How do you connect to the internet? I connect with a router.

Installing the hard drive is just a way to get your data off of it without buying a hard drive enclousure. It will not be used to run the computer.


----------



## ladytoysdream

motdaugrnds
When I first started playing with a computer, 19 years ago, a lot of the information was really confusing to me.
I still am no techie but I can figure things out pretty good now. I still have to ask for information at times.

CONGRATS on the new computer and a big THANKS to the kind person who sent it to you.

So it's kind of like moving from one house to another house. You will need a "suitcase" to move your stuff.
In this case, it's information you want to save. So maybe by a cord, or another technical item.
If you can have the 2 computers side by side, you can move one cable at a time.

So the suggestion is to take the old hard drvie out of the old computer. Put it in this box type thing you
can buy on ebay and then there would be instructions how to move things from old to new computer.
The old hard drive is NOT going into your new computer.

Sounds like Clem will be able to help you. Yay 

Me, I would set up your new computer and there will be a bit of learning curve.
You may not have to move all things over. I use a win 7 professional as
my computer. If I upgraded to a newer version, a win 10, I would sure be mumbling.
Kind of like my old truck, my 2003. I don't want a new truck. Old and paid for suits me just fine 
But someday will come and I may have to get another truck,
but in the meanwhile, all is good.

Good luck


----------



## motdaugrnds

Painterswife, I connect to the internet by a "modem" from HighesNet. "Installing the hard drive" is what is throwing me. If this one is going bad I sure don't want it installed in my new computer whether it would be used to run it or not...which I don't understand. Wouldn't this old hard drive compete with the new one already in the new machine?

Ladytoysdream, Thank you so much for sharing your experiece with computers. It helps me to not feel so badly about the way I am responding to this situation.
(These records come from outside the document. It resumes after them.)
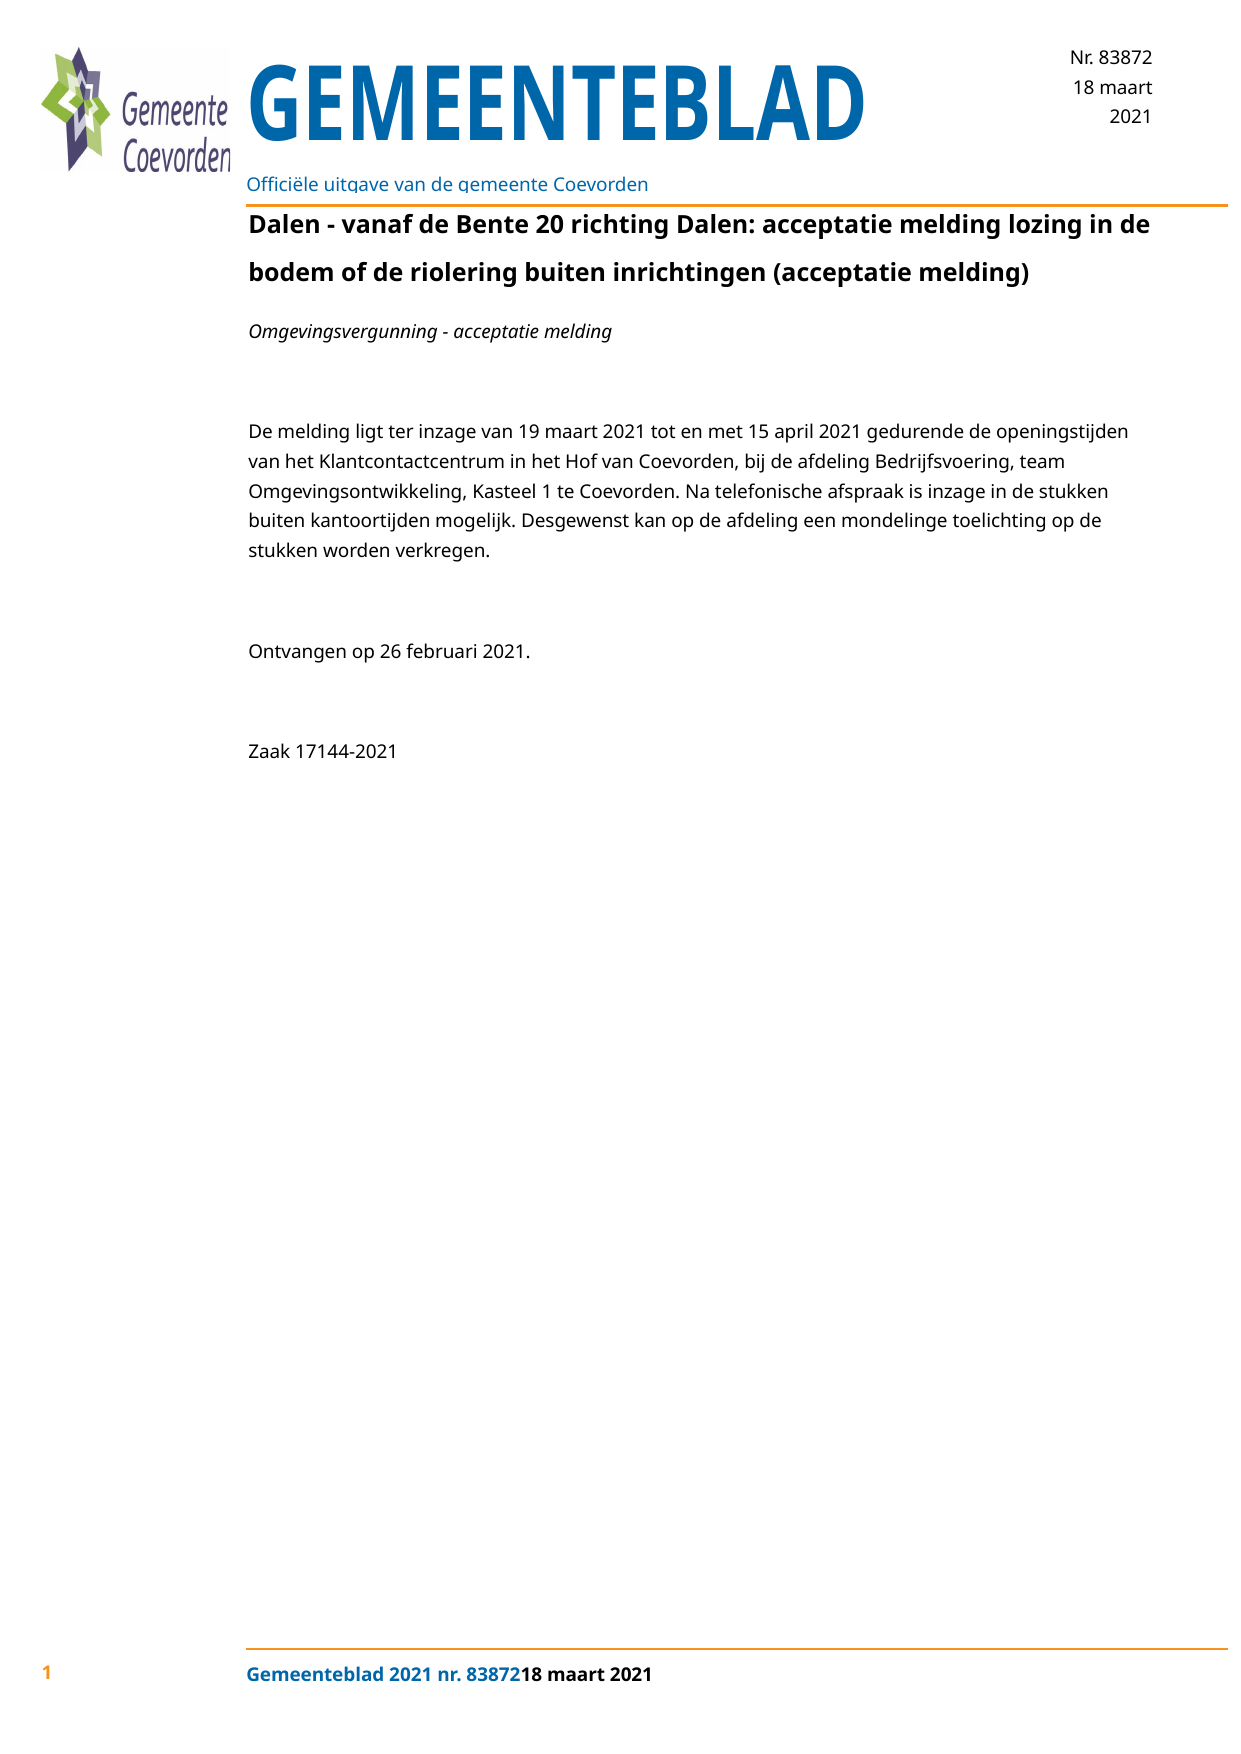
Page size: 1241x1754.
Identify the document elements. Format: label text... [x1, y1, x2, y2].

text Ontvangen op 26 februari 2021. [248, 638, 1152, 664]
text Dalen - vanaf de Bente 20 richting Dalen: acceptatie melding lozing in de bodem of de riolering buiten inrichtingen (acceptatie melding) [248, 207, 1152, 288]
text Omgevingsvergunning - acceptatie melding [248, 318, 1152, 344]
picture [41, 47, 231, 172]
text De melding ligt ter inzage van 19 maart 2021 tot en met 15 april 2021 gedurende de openingstijden van het Klantcontactcentrum in het Hof van Coevorden, bij de afdeling Bedrijfsvoering, team Omgevingsontwikkeling, Kasteel 1 te Coevorden. Na telefonische afspraak is inzage in de stukken buiten kantoortijden mogelijk. Desgewenst kan op de afdeling een mondelinge toelichting op de stukken worden verkregen. [248, 419, 1152, 563]
text Zaak 17144-2021 [248, 739, 1152, 764]

You've made switching over to this new PC sound easy, i.e. a copy/paste type thing?? I'm guessing this would mean I would only transfer what I personally placed on this old computer...not the dlls, etc out of the XP registry...Yeah, I know my ignorance is showing...Still, like you apparently have learned much, I hope I am learning too.

Oh and I did find out who sent the new computer to me. One obviously wanting to stay anonymous so I will respect that. I'm feeling quite blessed ...again... as it seems everytime I'm in need of something I cannot get or do myself, my Heavenly Father steps in thru His loving spiritual-minded children.

Oh and yes, Clem said he's coming over Sunday to set this all up for me. Clem has helped me before and is such a respectful and kind man....Goodness I'm sitting here remembering all the respectful and kind people who have helped me thru the years; and I'm feeling quite blessed...a real nice feeling on this Sabbath Day.


----------



## painterswife

Does your modem have more than one place you can connect a network cord? Most modems are also routers these days.

Installing the hard drive in your new computer won't harm it. All you are doing is installing it so that you can take the data off of it. It is the same as the external enclosure others are talking about just connected inside instead of outside.


----------



## ladytoysdream

motdaugrnds said:


> Ladytoysdream, Thank you so much for sharing your experiece with computers. It helps me to not feel so badly about the way I am responding to this situation. You've made switching over to this new PC sound easy, i.e. a copy/paste type thing?? I'm guessing this would mean I would only transfer what I personally placed on this old computer...not the dlls, etc out of the XP registry...Yeah, I know my ignorance is showing...Still, like you apparently have learned much, I hope I am learning too.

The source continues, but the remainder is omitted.